This patch introduces more sysfs interfaces for Accelerated
Function Unit (AFU). These interfaces allow users to read
current AFU Power State (APx), read / clear AFU Power (APx)
events which are sticky to identify transient APx state,
and manage AFU's LTR (latency tolerance reporting).

Signed-off-by: Ananda Ravuri <ananda.ravuri@intel.com>
Signed-off-by: Xu Yilun <yilun.xu@intel.com>
Signed-off-by: Wu Hao <hao.wu@intel.com>
Acked-by: Alan Tull <atull@kernel.org>
Signed-off-by: Moritz Fischer <mdf@kernel.org>
---
v2: rebased, and remove DRV/MODULE_VERSION modifications
v3: update kernel version and date in sysfs doc
v4: improve description in sysfs doc avoid misunderstanding.

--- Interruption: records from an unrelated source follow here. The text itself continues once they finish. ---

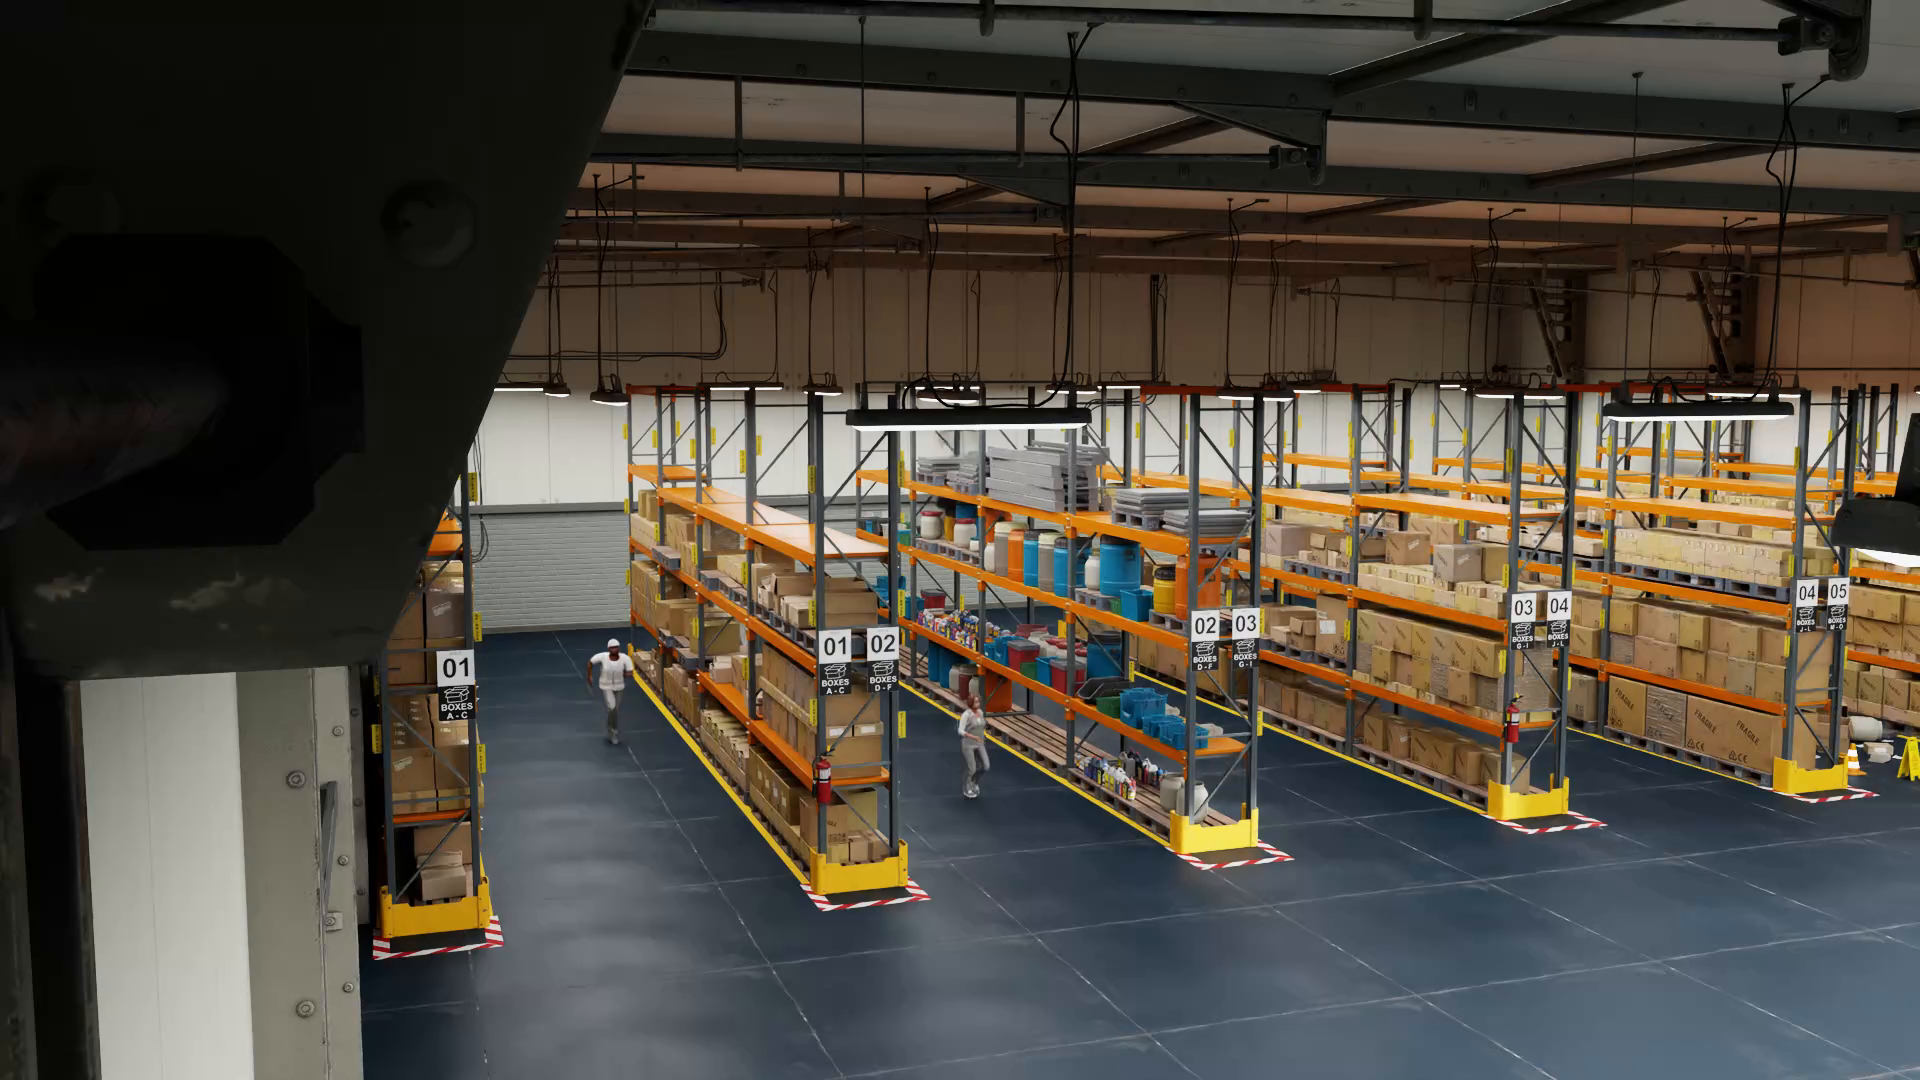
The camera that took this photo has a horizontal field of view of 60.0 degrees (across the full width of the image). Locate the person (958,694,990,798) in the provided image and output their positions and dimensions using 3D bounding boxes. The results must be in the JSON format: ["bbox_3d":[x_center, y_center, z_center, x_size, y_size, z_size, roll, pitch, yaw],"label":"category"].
[{"bbox_3d":[0.212,3.030,24.383,0.534,1.561,0.576,-4,7,-36],"label":"person"}]

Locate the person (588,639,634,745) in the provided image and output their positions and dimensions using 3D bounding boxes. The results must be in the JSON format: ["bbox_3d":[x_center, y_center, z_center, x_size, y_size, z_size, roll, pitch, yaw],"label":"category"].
[{"bbox_3d":[-5.914,2.550,28.256,0.729,1.796,0.845,-3,6,-25],"label":"person"}]

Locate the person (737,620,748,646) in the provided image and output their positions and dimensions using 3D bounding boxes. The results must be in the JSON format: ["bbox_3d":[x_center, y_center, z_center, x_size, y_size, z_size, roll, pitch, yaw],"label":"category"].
[{"bbox_3d":[-4.541,1.893,34.972,0.571,1.715,0.801,-3,7,-26],"label":"person"}]

    switch to kstrtobool in sysfs entry store function.
---
 Documentation/ABI/testing/sysfs-platform-dfl-port |  32 +++++
 drivers/fpga/dfl-afu-main.c                       | 137 ++++++++++++++++++++++
 drivers/fpga/dfl.h                                |  11 ++
 3 files changed, 180 insertions(+)

diff --git a/Documentation/ABI/testing/sysfs-platform-dfl-port b/Documentation/ABI/testing/sysfs-platform-dfl-port
index 6a92dda..1ab3e6f 100644
--- a/Documentation/ABI/testing/sysfs-platform-dfl-port
+++ b/Documentation/ABI/testing/sysfs-platform-dfl-port
@@ -14,3 +14,35 @@ Description:	Read-only. User can program different PR bitstreams to FPGA
 		Accelerator Function Unit (AFU) for different functions. It
 		returns uuid which could be used to identify which PR bitstream
 		is programmed in this AFU.
+
+What:		/sys/bus/platform/devices/dfl-port.0/power_state
+Date:		August 2019
+KernelVersion:	5.4
+Contact:	Wu Hao <hao.wu@intel.com>
+Description:	Read-only. It reports the APx (AFU Power) state, different APx
+		means different throttling level. When reading this file, it
+		returns "0" - Normal / "1" - AP1 / "2" - AP2 / "6" - AP6.
+
+What:		/sys/bus/platform/devices/dfl-port.0/ap1_event
+Date:		August 2019
+KernelVersion:	5.4
+Contact:	Wu Hao <hao.wu@intel.com>
+Description:	Read-write. Read this file for AP1 (AFU Power State 1) event.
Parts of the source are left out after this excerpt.